The winners are Mike Foley and Andy Bing
AUGUST 4, 2003 TRIVIA QUESTION
Who was the 5-string banjo player in the original 1939 founding edition of Bill Monroe and the Blue Grass Boys?
A. Earl Scruggs
B. Don Reno
C. Stringbean
D. Bijou Andrews
E. Wade Mainer
F. None of the above
Additional Bowden Comments
Well, a couple of winners and an “almost right”. The original Blue Grass Boys of 1939, and original Blue Grass music had NO BANJO. Monroe was well aware of banjo playing in the country string bands of course, but he hadn’t absorbed it (or built it into) his personal expression of music, which he said was Blue Grass. “Anything I do, it couldn’t be nothin’ but Blue Grass”, meaning “anything I do, is IS Blue Grass”.
Stringbean was indeed the first Blue Grass Boy who played 5 string banjo. He also did comedy and he played on Bill’s wartime baseball team (playing the local team in each town where they did a show). However, String joined Bill in 1942-43. He played 2 finger style or clawhammer style.
Scruggs didn’t meet Bill until almost Christmas of 1945, and of course that changed EVERYTHING! Don Reno had played for Monroe around 1943 as sort of an audition, and although Bill wanted to hire him, Don went in the Army and on to service with Merrill’s Marauders in China. Reno took Earl’s place in the BGBs in 1948. Monroe called both Earl’s and Don’s playing “like Snuffy Jenkins”, who was already well established on Carolinas radio and theater circuits.
Bijou Andrews was a comedian and harmonica player with the Blue Grass Boys in 1943-44, and he appears in a band photo where a TENOR banjo is pictured among the Blue Grass Boys’ instruments. However, it appears Bijou didn’t actually play banjo.
Wade Mainer was performing and recording on 5 string banjo in the 1930s, sort of a contemporary of Snuffy Jenkins.

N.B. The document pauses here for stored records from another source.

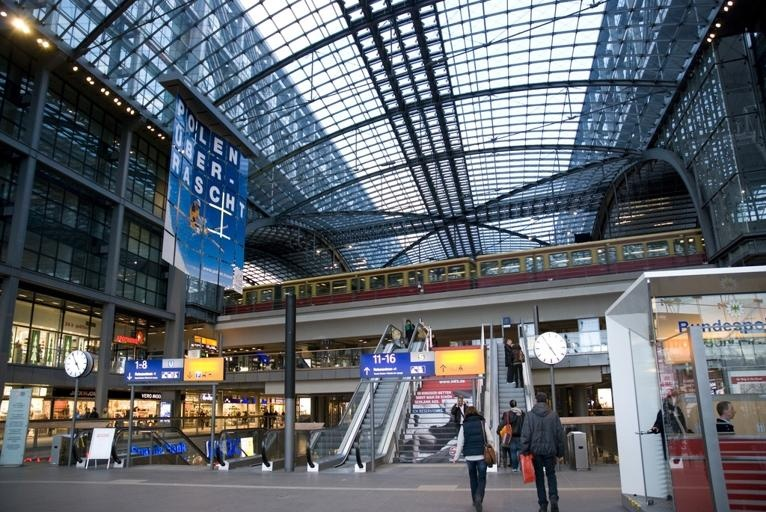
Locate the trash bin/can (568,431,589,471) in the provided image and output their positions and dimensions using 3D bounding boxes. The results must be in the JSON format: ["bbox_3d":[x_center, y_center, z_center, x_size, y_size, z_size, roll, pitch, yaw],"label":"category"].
[{"bbox_3d":[5.922,5.909,16.345,0.361,0.816,0.844,-1,-32,9],"label":"trash bin/can"}]

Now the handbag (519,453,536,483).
[{"bbox_3d":[3.067,4.456,11.385,0.228,0.534,0.371,-9,-22,23],"label":"handbag"}]

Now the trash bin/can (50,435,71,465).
[{"bbox_3d":[-11.573,6.985,19.472,0.635,0.989,0.462,6,-21,-15],"label":"trash bin/can"}]

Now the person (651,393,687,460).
[{"bbox_3d":[5.465,3.243,10.380,0.361,1.167,1.437,-5,-21,15],"label":"person"}]

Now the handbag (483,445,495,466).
[{"bbox_3d":[2.400,4.428,12.085,0.193,0.421,0.882,-5,-21,14],"label":"handbag"}]

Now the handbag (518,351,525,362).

However Wade was a member of Mainers’ Mountaineers, a direct competitor to Monroe’s Blue Grass Boys, at least in the Carolinas. Mainers Mountaineers never got on the Opry though, they weren’t “that” serious a competitor. Historically however, Mainers Mountaineers has their supporters as the originators of “bluegrass” music. Of course, THEY never called it bluegrass, and the group kind of fell apart in a short time and they never maintained their success of the 1930s. Most importantly, I feel, Wade Mainer never took a banjo break on any record in the 1930s — he played in unison with his brother’s fiddling — which is “old time” style music, not bluegrass style. In any case Wade never played with Bill Monroe. Wade played 2 finger style.
Monroe called the 5 string banjo “the fifth child”, because it was the 5th and last instrument to be melded into Monroe’s personal expression of music, “blue grass” that is. Monroe always felt that he had given the banjo a real chance to amount to something by bringing it into blue grass! Pete Wernick quotes Monroe as saying “Molly & Tenbrooks really gave the banjo a chance to do something!”. Much later he added “the banjo did a lot of good for Molly & Tenbrooks too…”
Remember Monroe’s exposure to hot string band music took place in Chicago at the WLS Barn Dance, where the hot jazzy string band was The Prairie Ramblers, which was fiddle driven, and had no banjo. The WLS Barn Dance banjo star was Scotty Wiseman who used banjo to accompany his singing with his wife Lulu Belle.
stringbean
F. None of the above. Every schoolboy knows that it should have been Snuffy Jenkins, but wasn’t.